Photo credit: Nisrine Abou Abdellah – Artistic Director
Editorial written by the editorial team of The Rotunda
HAS The RotundaOne of our main tasks is to defend the Francophonie and Francophonie in all its forms. A goal shared by the Francophone Affairs Officer of the University of Ottawa Students’ Union, which has included recognition of the diversity of the Francophonie in its mission since the recent General Assembly. In a national context in which French is constantly in decline, a way must be found for all French speakers to find their place in this struggle.
For most of us, speaking French is an evolving identity that emerges in an environment where French goes hand in hand with multiple languages. However, speaking French in Canada also means facing a challenge prioritization The way of speaking French and the desire to protect the language sometimes seem to lean towards glotophobia.
According to Philippe Blanchet in Podcast “Is there only one way to “speak” French well?” Glottophobia refers to “that attitude that consists of discriminating against people by the language they speak or the way they speak , take it as an arbitrary and therefore unfair excuse. whose language.” They speak. So be careful: if you receive a lot of criticism about the way you express yourself in French, or if you hear politicians advocating integration rather than welcoming French-speaking newcomers, this could be glotophobia.
Standardization: a form of exclusion?
Language is the result of institutionalization, but also of change linked to the different uses of its speakers depending on where they live and the environment. Be living languageTherefore, French must be recognized and accepted in its various forms of expression.
However, the question remains: who evaluate What is “good French” and what is not? The standardization of the language excludes anyone who does not meet the criteria of “standard” French. This presents a paradox because you can speak French and have spoken French all your life and still speak French Comments that relate to our idioms, our accent or the words we use.
To make matters worse, standardization often forces us to reject part of our identity. The French we speak comes from our history, our relationships and is also part of our culture.

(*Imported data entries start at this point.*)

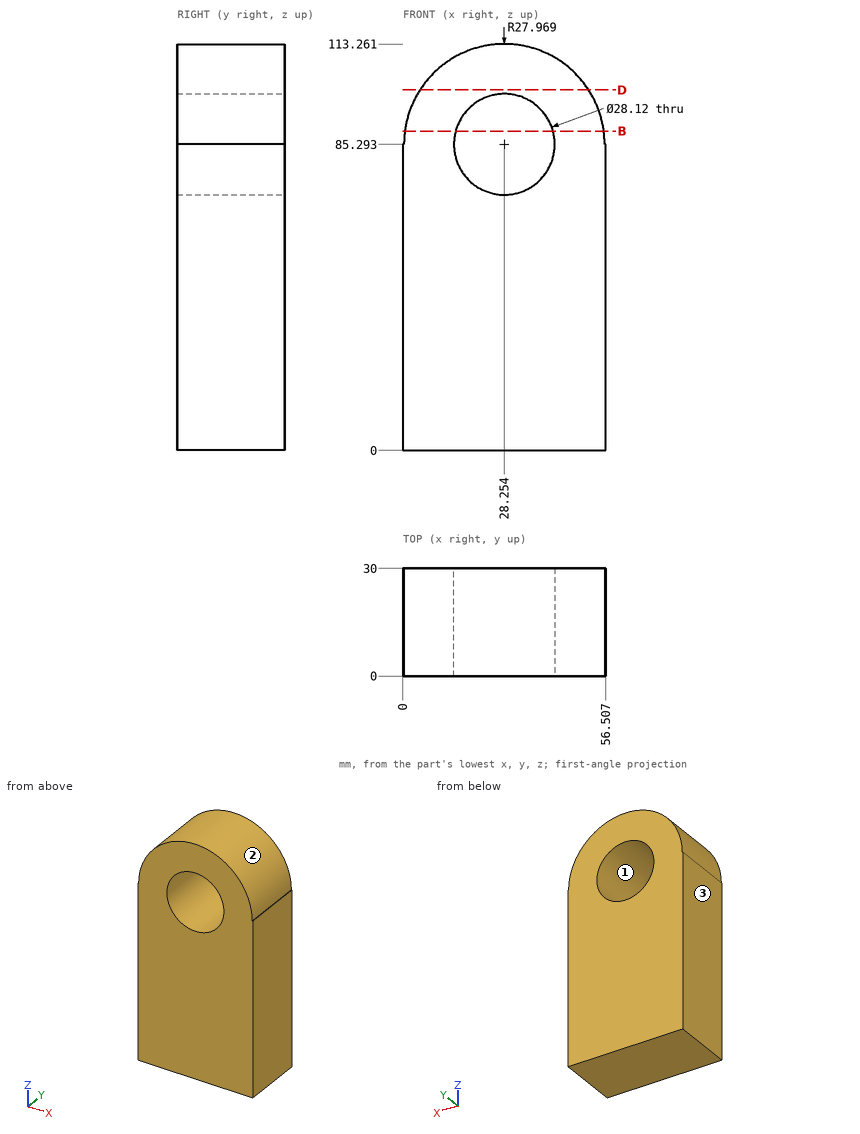
The drawing under review shows one solid part. Ordinate dimensions are in mm from its lowest x, y, z. Give positions to 0.01 mm unless a question says otherwise; leave off trailing zeros. Order: outer loops, then holes, each group sorted by start corner. A loop starts at its lowest first (then second) coordinate and runs counter-clockwise, first axis right, second up. Notation, with made-up numbers: (-5.75, -25) - (17.25, -25) arc R15 cw to (17.25, -20) - close; hole circle Ø10 at (35.25, 75.5). An arc over 180 degrees is marked (long way). Answer as a JSON object with one key per item and string values. Group by question number.
Item 1: Draft analysis for pull direction Z (two halves, no side actions). For the marked faces 1, 2 and 3, state which applies: pulls with the +Z half, pulls with the -Z half, needs draft (parallel to the pull), parting line crosses it, or undercut.
Item 2: Wall thickness on line 1 along Z through (x, y) = (30.5, 12.25); line 2 along Z through (x, y) = (17, 16.75) (1 decimal); line 3 along X through (y, z) = (8.5, 91) (1 decimal): over which ranges is each line inside the solid? List them lowest first.
Item 3: Clearance check with flat-ended pins moving along their axes: pin 1 Ø6 at (x, y) = (23, 20) entering from +Z; pin 2 Ø2 at (y, z) = (10, 80) entering from -X. State where each tip first meets the part, or that it passes through.
Item 4: Take a section at B-B on z = 89. Give the boundary of the cut face in (x, y) (1 decimal).
Item 5: Take a section at D-D on z = 100.5. Give the boundary of the cut face in (x, y), and give its area (3 significant figures).
Reported:
{
 "1": {"face 1": "undercut", "face 2": "pulls with the +Z half", "face 3": "needs draft"},
 "2": {"line 1": "0 to 71.41, 99.17 to 113.17", "line 2": "0 to 76.9, 93.7 to 110.9", "line 3": "0.9 to 15.4, 41.1 to 55.6"},
 "3": {"pin 1": "z = 113.17", "pin 2": "x = 0"},
 "4": {"outline": "(0.5, 0) - (14.7, 0) - (14.7, 30) - (0.5, 30) - close; (41.8, 0) - (56, 0) - (56, 30) - (41.8, 30) - close"},
 "5": {"outline": "(4.78, 0) - (51.73, 0) - (51.73, 30) - (4.78, 30) - close", "area": "1,410 mm^2"}
}

This exclusion can also increase linguistic uncertainty. Maybe we no longer want to speak our language for fear of criticism, comments or reprisals. In such a situation, why would French speakers want to defend a language from which they feel excluded?
Lose the essence of language?
For many Quebec politicianBy standardizing French or ensuring very strict rules for how we express ourselves, we can protect the essence of the language. This perspective not only turns the fight for Francophonie into a political struggle, but also leads to a rejection of the evolving nature of our language.
It is also forgetting, as mentioned in the Podcast “Is the French language complicated? » that even symbolic figures like Molière speak several dialects without this preventing the language from spreading. Therefore, it is entirely possible to recognize French-speaking dialects across the country without risking losing French. Furthermore, this must be recognized Diversity in our expression would emphasize the liveliness of our language.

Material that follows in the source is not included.